In these conditions, muscles become weak and voluntary contractions cannot be sustained. Muscles involved in fine movements, such as the extraolular muscles, are affected, so that the direction of gaze of the two eyes can differ, resulting in double vision.
In the small muscles of the hands, the basic investigation involves repetitive electrical stimulation of the median nerve above the flexor retinaculum while recording of electrical activity from the small muscles of the thumb.
Normally, the compound action potentials recorded form the small muscles will be constant in size following supramaximal stimuli to the nerve. However in disorders of the nerve-muscle junction (NMJ), there is a decline in the response of the muscle during repeated stimuli, indicating that the is a problem with transmission across the NMJ.
In the extensor digitorum brevis, repetitive electrical stimulation of the common peroneal nerve at the neck of the fibula results in similar changes.
Image source: yale.edu
In myaesthenia gravis, the folds of the post-synaptic membrane are smaller and the number of nicotinic receptors on these membranes is also reduced, which explains the failure of neurotransmission.

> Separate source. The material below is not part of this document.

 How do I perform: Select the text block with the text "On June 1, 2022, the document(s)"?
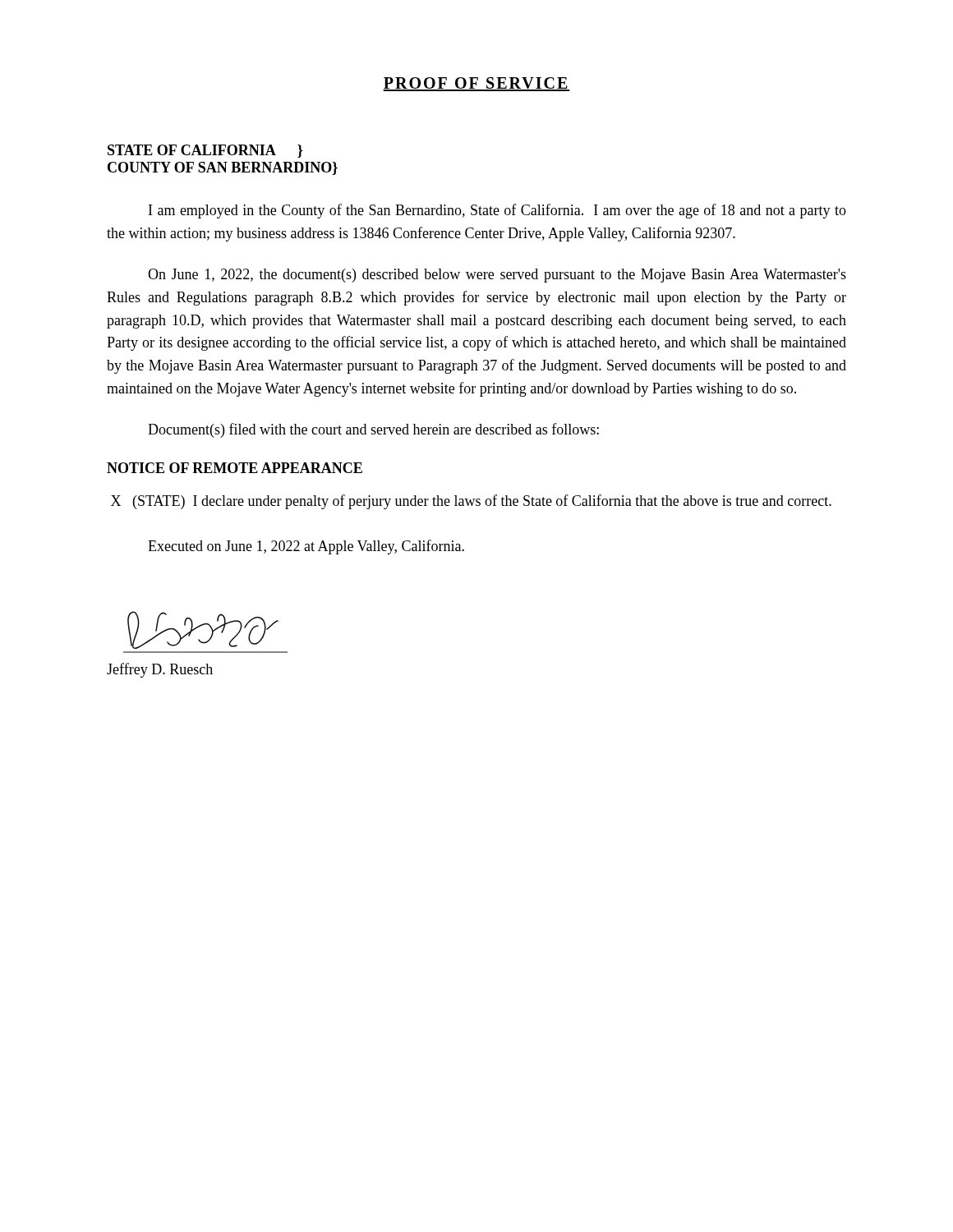[476, 331]

Myaesthenia Gravis and Eaton-Lambert Syndrome
In Myaesthenia Gravis the responses of the muscle get less with successive repeated nerve stimulationdue to changes in the acetylcholine receptor.
There are abnormalities in the molecular structure of the nicotinic receptor within the post-synaptic membrane in this condition.
Electronmicroscopy also shows a loss of folds in the postynaptic membrane .
In the Eaton-Lambert Syndrome, there are again abnormalities in nerve-muscle transmission, but in this condition the problem is in the release of the transmitter acetylcholine from the pre-synaptic membrane.
With every stimulus to the nerve, less acetylcholine is released into the synaptic cleft.